### BRIEF
Where in the data below does the word "through" appear? Copy every line that has it.

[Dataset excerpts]
+===+
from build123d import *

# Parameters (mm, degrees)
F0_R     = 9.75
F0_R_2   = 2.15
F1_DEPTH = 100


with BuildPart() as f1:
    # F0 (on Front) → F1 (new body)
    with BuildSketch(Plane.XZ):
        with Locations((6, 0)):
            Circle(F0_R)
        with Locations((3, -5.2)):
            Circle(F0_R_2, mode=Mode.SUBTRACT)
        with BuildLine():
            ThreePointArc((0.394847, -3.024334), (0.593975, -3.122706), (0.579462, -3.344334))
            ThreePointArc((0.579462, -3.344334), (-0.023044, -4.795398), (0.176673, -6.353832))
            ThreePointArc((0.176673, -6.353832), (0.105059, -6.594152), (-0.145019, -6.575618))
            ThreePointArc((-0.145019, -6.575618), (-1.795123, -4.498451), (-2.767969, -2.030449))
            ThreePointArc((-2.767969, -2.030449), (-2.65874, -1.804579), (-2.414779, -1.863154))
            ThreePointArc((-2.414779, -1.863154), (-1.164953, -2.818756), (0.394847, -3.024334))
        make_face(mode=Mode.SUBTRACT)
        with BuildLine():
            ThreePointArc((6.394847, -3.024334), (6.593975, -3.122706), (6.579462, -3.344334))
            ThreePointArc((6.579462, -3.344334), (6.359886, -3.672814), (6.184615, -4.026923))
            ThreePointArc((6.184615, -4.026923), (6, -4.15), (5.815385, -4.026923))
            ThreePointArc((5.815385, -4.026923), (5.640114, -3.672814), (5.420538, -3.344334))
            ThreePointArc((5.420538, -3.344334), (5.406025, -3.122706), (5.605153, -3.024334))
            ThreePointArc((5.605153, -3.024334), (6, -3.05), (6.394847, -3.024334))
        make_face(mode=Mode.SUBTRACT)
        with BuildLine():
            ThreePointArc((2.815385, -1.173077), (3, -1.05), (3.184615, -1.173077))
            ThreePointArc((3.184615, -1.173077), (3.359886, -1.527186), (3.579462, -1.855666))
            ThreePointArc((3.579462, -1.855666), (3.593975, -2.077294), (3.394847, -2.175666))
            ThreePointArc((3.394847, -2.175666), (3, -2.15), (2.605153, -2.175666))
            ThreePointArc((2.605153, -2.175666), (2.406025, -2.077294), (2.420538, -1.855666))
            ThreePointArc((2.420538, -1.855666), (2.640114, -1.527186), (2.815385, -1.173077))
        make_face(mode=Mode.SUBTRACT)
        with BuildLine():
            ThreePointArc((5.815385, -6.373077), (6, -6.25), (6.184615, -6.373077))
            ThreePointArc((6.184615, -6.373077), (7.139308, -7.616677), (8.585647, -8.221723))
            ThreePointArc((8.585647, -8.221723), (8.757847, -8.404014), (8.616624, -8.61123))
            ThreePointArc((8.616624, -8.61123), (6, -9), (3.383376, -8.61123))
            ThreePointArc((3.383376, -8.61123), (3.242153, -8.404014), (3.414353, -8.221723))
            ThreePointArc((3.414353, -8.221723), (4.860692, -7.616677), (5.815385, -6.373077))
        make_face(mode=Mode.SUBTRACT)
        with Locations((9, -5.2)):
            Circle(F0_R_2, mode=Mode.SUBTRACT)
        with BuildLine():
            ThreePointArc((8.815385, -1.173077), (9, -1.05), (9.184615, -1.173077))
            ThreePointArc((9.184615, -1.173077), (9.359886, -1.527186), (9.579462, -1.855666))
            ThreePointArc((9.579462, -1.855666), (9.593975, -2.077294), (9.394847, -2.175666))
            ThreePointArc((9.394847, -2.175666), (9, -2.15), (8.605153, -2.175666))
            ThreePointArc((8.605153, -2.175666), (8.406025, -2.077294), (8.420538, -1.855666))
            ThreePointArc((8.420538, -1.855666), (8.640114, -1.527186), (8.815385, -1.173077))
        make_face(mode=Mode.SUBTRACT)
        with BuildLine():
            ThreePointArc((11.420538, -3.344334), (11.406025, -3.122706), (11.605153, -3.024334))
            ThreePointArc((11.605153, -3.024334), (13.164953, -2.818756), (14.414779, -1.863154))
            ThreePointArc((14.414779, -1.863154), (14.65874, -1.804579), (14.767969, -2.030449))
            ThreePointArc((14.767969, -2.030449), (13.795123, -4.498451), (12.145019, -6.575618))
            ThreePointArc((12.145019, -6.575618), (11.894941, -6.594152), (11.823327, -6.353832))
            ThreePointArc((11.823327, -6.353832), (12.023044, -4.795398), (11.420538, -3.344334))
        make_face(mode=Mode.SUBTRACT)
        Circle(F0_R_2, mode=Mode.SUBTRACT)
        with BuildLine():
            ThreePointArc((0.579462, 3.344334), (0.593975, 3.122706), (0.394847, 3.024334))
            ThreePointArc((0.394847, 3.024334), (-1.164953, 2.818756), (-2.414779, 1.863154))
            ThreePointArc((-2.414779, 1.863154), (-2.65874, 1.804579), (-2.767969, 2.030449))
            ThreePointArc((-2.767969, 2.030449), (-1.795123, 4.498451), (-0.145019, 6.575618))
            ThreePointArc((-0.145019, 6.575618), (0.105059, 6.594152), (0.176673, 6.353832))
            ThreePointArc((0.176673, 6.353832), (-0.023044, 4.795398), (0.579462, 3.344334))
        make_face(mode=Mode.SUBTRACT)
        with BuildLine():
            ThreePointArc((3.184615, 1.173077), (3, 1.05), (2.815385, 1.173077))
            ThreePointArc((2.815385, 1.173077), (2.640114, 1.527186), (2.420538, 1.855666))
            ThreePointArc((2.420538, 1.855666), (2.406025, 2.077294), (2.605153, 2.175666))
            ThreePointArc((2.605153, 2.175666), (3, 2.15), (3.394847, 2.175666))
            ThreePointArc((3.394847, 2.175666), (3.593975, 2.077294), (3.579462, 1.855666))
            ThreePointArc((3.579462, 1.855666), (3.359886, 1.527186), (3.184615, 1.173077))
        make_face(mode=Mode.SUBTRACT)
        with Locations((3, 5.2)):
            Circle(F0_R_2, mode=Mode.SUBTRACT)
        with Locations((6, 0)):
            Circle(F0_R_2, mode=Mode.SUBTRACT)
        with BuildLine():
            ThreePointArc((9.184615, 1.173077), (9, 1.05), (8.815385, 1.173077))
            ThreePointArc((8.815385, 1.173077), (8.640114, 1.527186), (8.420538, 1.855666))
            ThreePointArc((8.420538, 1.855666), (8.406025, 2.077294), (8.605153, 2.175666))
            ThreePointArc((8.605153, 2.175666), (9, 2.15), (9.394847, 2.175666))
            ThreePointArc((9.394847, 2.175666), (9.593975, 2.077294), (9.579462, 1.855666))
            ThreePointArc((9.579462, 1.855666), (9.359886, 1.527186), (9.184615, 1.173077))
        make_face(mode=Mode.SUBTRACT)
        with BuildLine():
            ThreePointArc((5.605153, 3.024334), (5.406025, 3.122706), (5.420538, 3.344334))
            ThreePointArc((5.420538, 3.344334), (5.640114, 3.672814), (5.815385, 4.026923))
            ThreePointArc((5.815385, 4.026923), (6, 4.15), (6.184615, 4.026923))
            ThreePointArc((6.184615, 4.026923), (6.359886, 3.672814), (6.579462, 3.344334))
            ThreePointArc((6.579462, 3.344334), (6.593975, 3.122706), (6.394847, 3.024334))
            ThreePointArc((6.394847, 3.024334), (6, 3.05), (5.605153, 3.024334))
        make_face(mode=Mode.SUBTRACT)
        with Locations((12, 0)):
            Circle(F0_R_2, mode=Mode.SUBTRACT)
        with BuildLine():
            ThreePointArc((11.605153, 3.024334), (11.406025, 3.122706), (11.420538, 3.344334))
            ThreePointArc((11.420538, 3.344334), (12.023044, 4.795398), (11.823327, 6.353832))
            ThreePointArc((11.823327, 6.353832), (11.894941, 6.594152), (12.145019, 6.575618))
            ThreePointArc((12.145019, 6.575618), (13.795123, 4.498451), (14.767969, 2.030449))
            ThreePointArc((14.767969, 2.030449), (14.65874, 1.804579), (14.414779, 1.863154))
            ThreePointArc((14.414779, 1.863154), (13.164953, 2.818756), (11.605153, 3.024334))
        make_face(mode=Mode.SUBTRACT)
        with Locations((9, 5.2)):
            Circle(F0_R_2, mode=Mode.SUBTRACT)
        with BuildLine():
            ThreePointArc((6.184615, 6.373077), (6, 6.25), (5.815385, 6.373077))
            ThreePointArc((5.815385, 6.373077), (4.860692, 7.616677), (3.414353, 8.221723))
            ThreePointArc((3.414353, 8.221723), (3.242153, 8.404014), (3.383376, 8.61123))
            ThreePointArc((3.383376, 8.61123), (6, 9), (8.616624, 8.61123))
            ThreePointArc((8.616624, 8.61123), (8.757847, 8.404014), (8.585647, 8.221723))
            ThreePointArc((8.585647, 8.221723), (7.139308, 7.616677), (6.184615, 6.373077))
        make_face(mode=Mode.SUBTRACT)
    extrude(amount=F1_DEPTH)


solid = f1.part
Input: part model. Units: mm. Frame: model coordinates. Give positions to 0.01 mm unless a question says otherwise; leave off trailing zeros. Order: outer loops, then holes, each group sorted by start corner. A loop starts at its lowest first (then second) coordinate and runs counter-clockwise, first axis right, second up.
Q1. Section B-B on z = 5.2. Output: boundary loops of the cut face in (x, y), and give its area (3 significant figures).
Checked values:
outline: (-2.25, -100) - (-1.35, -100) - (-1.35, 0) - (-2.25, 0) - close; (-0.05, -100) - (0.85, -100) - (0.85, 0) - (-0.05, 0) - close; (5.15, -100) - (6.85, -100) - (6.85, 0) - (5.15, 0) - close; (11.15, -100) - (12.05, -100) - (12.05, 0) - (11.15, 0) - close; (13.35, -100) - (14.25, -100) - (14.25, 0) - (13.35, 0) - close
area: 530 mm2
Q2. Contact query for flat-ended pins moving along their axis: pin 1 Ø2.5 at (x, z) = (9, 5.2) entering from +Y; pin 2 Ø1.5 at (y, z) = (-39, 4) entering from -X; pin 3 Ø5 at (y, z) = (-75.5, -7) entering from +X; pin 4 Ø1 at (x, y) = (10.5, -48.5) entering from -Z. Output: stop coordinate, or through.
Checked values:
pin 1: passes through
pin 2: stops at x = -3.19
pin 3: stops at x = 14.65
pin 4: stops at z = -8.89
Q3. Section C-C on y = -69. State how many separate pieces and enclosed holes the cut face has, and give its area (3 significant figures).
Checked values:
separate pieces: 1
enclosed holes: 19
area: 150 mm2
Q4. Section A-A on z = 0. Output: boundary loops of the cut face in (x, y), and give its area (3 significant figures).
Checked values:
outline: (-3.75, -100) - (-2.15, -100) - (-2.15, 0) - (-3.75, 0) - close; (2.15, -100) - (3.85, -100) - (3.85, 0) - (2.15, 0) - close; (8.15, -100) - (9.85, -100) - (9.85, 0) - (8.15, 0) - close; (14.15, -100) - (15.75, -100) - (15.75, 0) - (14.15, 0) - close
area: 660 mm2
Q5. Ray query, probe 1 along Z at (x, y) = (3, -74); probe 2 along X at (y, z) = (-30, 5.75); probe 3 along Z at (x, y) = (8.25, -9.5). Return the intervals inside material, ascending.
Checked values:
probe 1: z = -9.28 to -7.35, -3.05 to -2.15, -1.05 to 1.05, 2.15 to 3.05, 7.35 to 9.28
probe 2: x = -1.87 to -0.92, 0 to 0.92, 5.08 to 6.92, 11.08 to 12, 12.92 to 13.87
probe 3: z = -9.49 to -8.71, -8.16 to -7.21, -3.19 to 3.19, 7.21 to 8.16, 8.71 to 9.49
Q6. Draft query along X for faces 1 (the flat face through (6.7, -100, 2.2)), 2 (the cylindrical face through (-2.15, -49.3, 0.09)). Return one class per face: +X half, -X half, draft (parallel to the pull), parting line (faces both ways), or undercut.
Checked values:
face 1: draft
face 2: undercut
+===+
### THE ANSWER
Q2. Contact query for flat-ended pins moving along their axis: pin 1 Ø2.5 at (x, z) = (9, 5.2) entering from +Y; pin 2 Ø1.5 at (y, z) = (-39, 4) entering from -X; pin 3 Ø5 at (y, z) = (-75.5, -7) entering from +X; pin 4 Ø1 at (x, y) = (10.5, -48.5) entering from -Z. Output: stop coordinate, or through.
pin 1: passes through
Q6. Draft query along X for faces 1 (the flat face through (6.7, -100, 2.2)), 2 (the cylindrical face through (-2.15, -49.3, 0.09)). Return one class per face: +X half, -X half, draft (parallel to the pull), parting line (faces both ways), or undercut.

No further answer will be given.